Hakikatin Özünü Arayan Ressam Selmanur Aktaş

Görsel Sanatlar

Hakikatin Özünü Arayan Ressam

Selmanur Aktaş

 

Gülseren Sönmez

 

Selmanur Aktaş’a,“resim nedir?”diye sorduğumda, “benim bir parçam…kendimi ifade ettiğim bir dil,” diye yanıtladı. Ardından, yaşadığı köyün dağlarını, toprağını, ağacını, böceğini, koyunlarını,şalgam çiçeklerini, papatyaları, mayıs çiçeklerini anlattı bana coşkuyla.

“Konuşmayı çok seven, çok konuşan biri değilimdir. Benim yerime, resimlerim konuşsun isterim.
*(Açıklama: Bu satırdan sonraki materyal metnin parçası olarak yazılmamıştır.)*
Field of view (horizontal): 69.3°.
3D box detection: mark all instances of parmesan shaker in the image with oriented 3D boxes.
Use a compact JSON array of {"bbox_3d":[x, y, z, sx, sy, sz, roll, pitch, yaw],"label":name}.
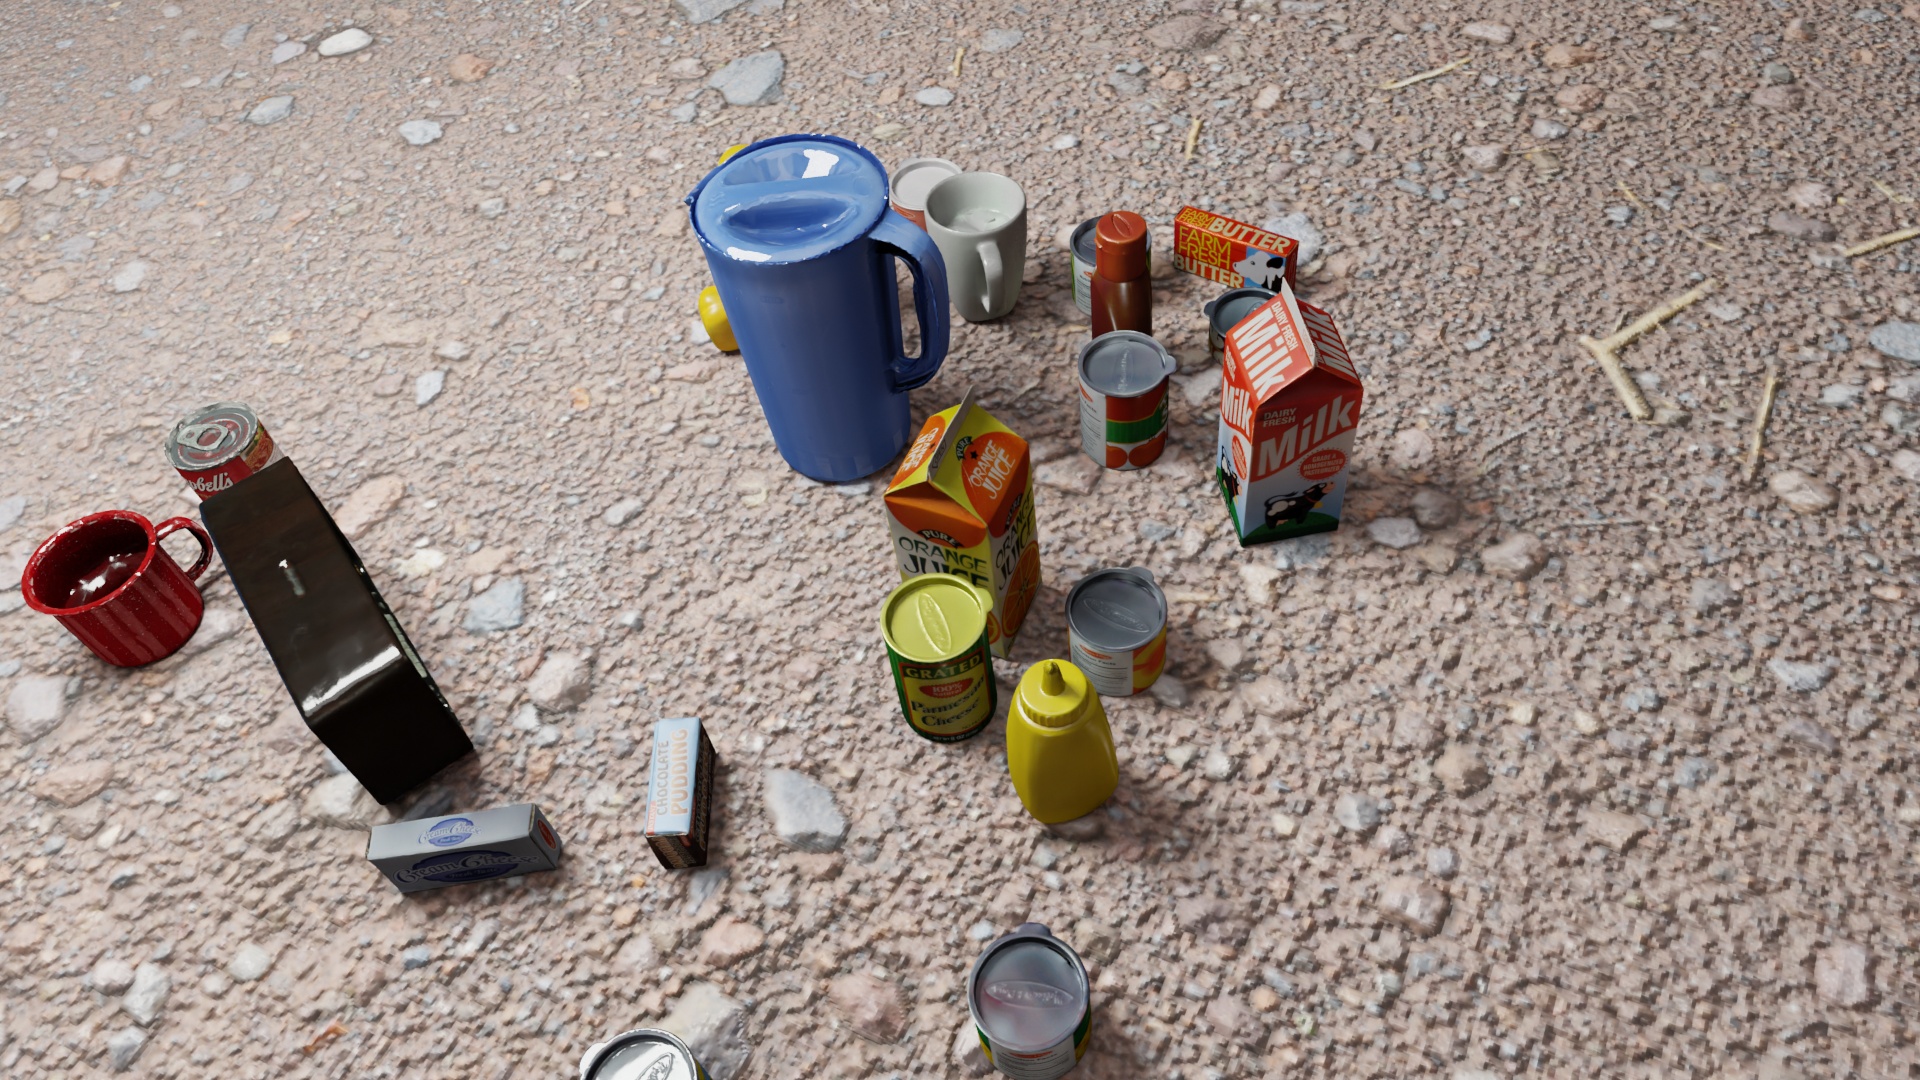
[{"bbox_3d":[-0.009,0.077,0.890,0.071,0.102,0.072,-3,52,4],"label":"parmesan shaker"}]

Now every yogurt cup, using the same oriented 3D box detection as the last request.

Resimlerimin dili hissettiklerimdir.”

Çok konuşmayı sevmem, diyen Selmanurcoşkuylaanlatıyordu. Önündeki set kaldırılmış akan su gibiydi. İçindeki coşkusu akıp geliyordu.

“Hayatın rengini, şeklini, güzelliklerini arıyorum. Önceleri bilinçli değildim. Sadece resim yapıyor, ne aradığımı bilmiyordum. Doğanın her an değişen renkleri ruhumu derinden etkiliyordu. Köyde yetiştim. 1975 yılında Trabzon’un Yomra İlçesi’nin Oymalı Köyü’nde doğdum. Biz köy çocukları ailemizin her türlü işine yardım ediyorduk. Hepimiz hayvanlarımızın çobanıydık. Çobanlık yaparken izlediğim Karadeniz dağları, tepeleri, yaylaları, ta içime giriyor beni yürekten titretiyordu. O anda doğanın sesini duyuyor irkiliyordum. Doğanın içinde doğayla bütünleşiyordum. Ulaşamayacağım kadar enginlikleri sanki gözlerimin önünde görüyor, doğanın içinde hayatı anlamaya çalışıyordum. Çoğu zaman kendimi doğayla bütünleşmiş gibi hissediyordum. Ben doğaydım,doğa da ben. O anlarda atalarımı da görüyor sanki onlarla bağ kuruyordum. Bazen evreni düşünüyor, ondan da ötesini keşfetmeye çalışıyordum. Düşüncelerim benden öte benden ziyadeydi..

Doğadaki her ağaçta, her çiçekte bütünü aradım.  Aradığım bütün neydi? Neredeydi? Aklımdaki bu soruların içinden çıkamadığım zamanlar oluyordu. Tüm çiçekleri tek tek inceliyor, farklılıklarının nedenlerini düşünüyordum.

Her canlının ailesinin olacağını düşünüp ailelerini arardım. Bir karıncanın, arının ailesi kimlerdi? Nerede yaşıyorlar, nereden gelip gidiyorlardı? Neden var olmuşlardı? Var oluşlarının nedeni neydi? Var oluşu düşünmeden edemiyordum.

Hayatın hakikatini arıyordum. Hakikat neydi? Bize sunulan güzellikler miydi? Sadece güzellik olamazdı. Hayatın gizemi vardı.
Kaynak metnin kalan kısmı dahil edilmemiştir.